How to Master a Song in Audacity
By Scott Shpak
Updated September 22, 2017
Mastering a song is one of the last steps prior to releasing a song for the world to hear. While in the professional world mastering is done by engineers with particular experience and equipment to do the job, with care and patience a home recording enthusiast can perform some of the functions of mastering. While it is unlikely that it will equal the results from a professional mastering facility, the hobbyist can gain some insight into the process by using Audacity -- a free cross-platform audio editor -- as a mastering tool.
Work with a stereo mix of your multi-track project. Mastering is done to balance and optimize a finished performance and the better your mix is, the easier it will be to master.
Open your mix in Audacity by selecting "File" from the menu bar. Click on "Import" from the drop-down menu and load your mix file. Audacity will assign it to a track. Repeat the process and open a second copy of the same file. When it is assigned to a track, click the "Mute" button on the left. You will use this copy for A-B comparison with your mastered file.
Use Audacity's built-in effects to process the un-muted track. First, select "Equalization" from the "Effects" menu bar. Consider small EQ changes to problem frequencies. Areas to watch are extreme low bass, below 80 hertz, where too much content can make things muddy and indistinct. Frequencies around 400 to 600 hertz can often be lowered a little bit to balance highs and lows, and sibilant frequencies can be addressed with cuts anywhere between about 3,500 to 10,000 hertz, depending on the voices.
Select "GVerb" from the effects menu if you wish to put a little reverb on the entire mix. This is sometimes handy for blending voices and instruments together. Generally you will want only a touch of reverb. Start with a small room size and reverb time and a dry signal level about -4.0. Play with the parameters until it is difficult to tell if there is any effect on at all, then compare it with the muted copy. You will likely be surprised how much reverb is on your mastered version. Beware of adding too much.

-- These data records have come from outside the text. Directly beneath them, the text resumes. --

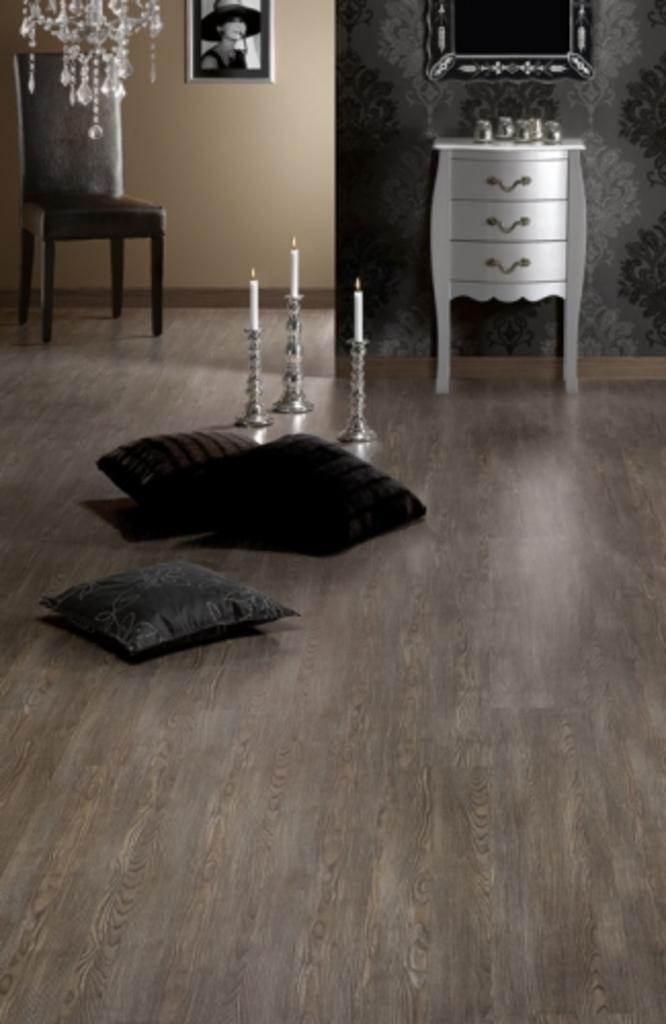Describe this image in one or two sentences. As we can see in the image there is a wall, photo frame, chair, candles, mirror and pillows. 
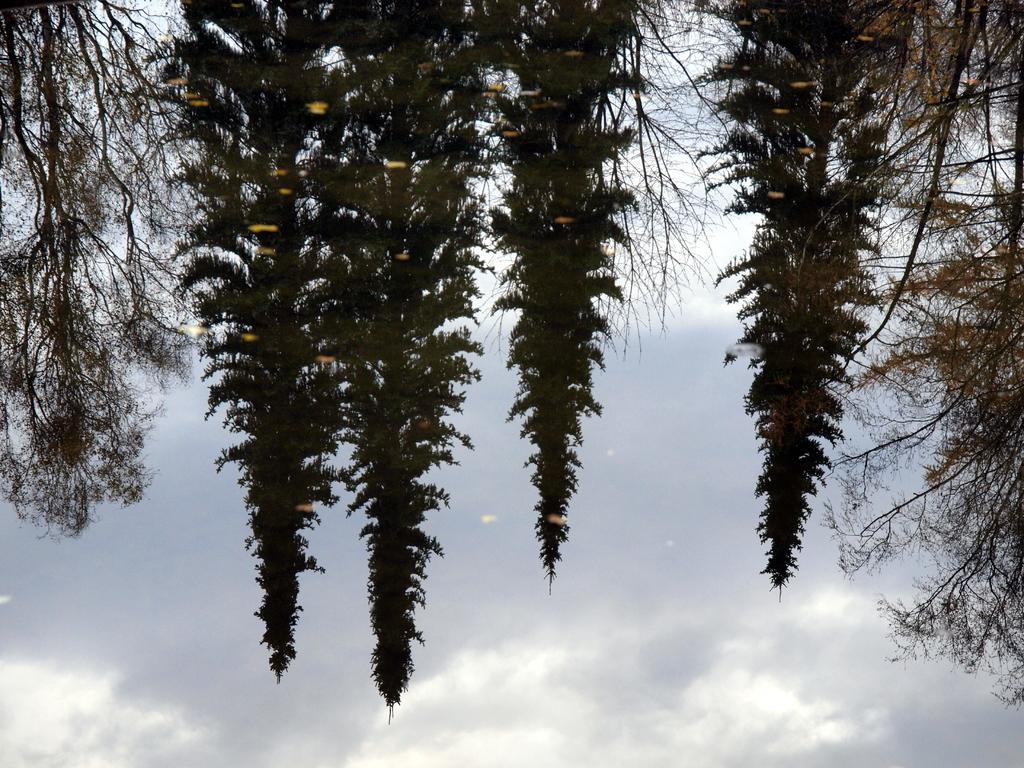What type of vegetation can be seen at the top of the image? There are trees at the top of the image. What is visible in the background of the image? Sky is visible in the background of the image. What can be observed in the sky? Clouds are present in the sky. What type of lace can be seen on the trees in the image? There is no lace present on the trees in the image. Can you tell me how many chess pieces are visible in the image? There are no chess pieces present in the image. 
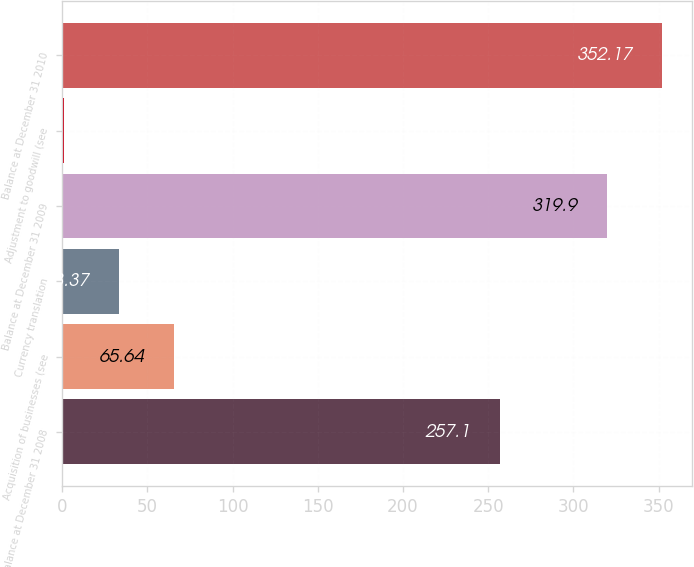Convert chart. <chart><loc_0><loc_0><loc_500><loc_500><bar_chart><fcel>Balance at December 31 2008<fcel>Acquisition of businesses (see<fcel>Currency translation<fcel>Balance at December 31 2009<fcel>Adjustment to goodwill (see<fcel>Balance at December 31 2010<nl><fcel>257.1<fcel>65.64<fcel>33.37<fcel>319.9<fcel>1.1<fcel>352.17<nl></chart> 
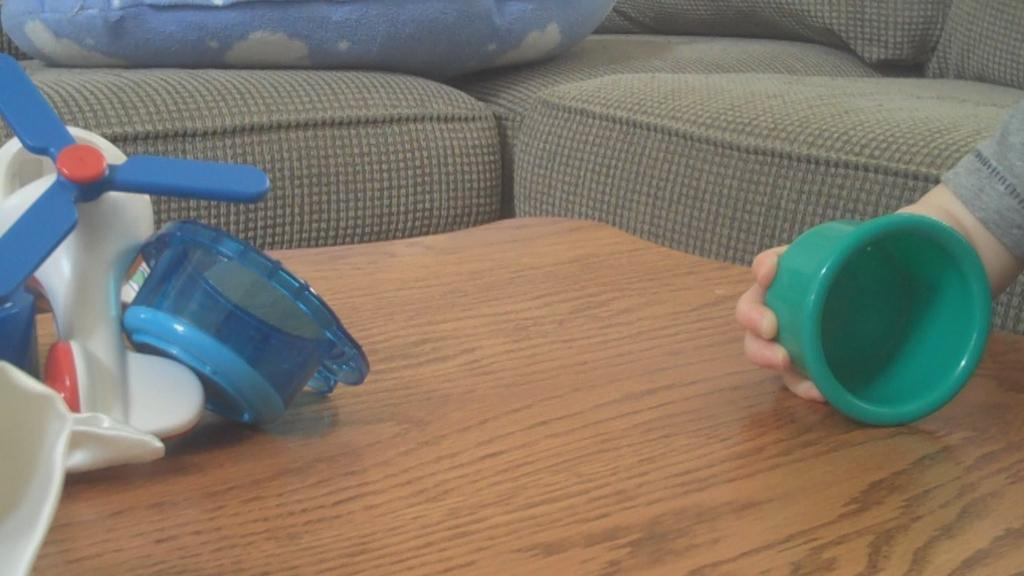What is the kid holding in the image? There is a kid's hand holding a toy in the image. Where are the toys located in the image? The toys are placed on a table in the image. What can be seen in the background of the image? There is a sofa and a cushion in the background of the image. What type of lettuce is being used as a cushion on the sofa in the image? There is no lettuce present in the image; the cushion is not made of lettuce.

Open "Compressor" from the "Effects" menu. Compressors and limiters smooth out dynamic changes, making tracks sound more "punchy." This is an effect that can also be overused, so start with modest settings like a ratio of 2:1 or 3:1 and short attack and release times. Uncheck the "Make-up Gain" box unless you are mastering a high-energy, loud song.
Many of the other effects included with Audacity may be used at the mastering stage with discretion or for a special effect. If the finished version of your song depends on an effect at mastering, that's probably a sign that your mix needs work.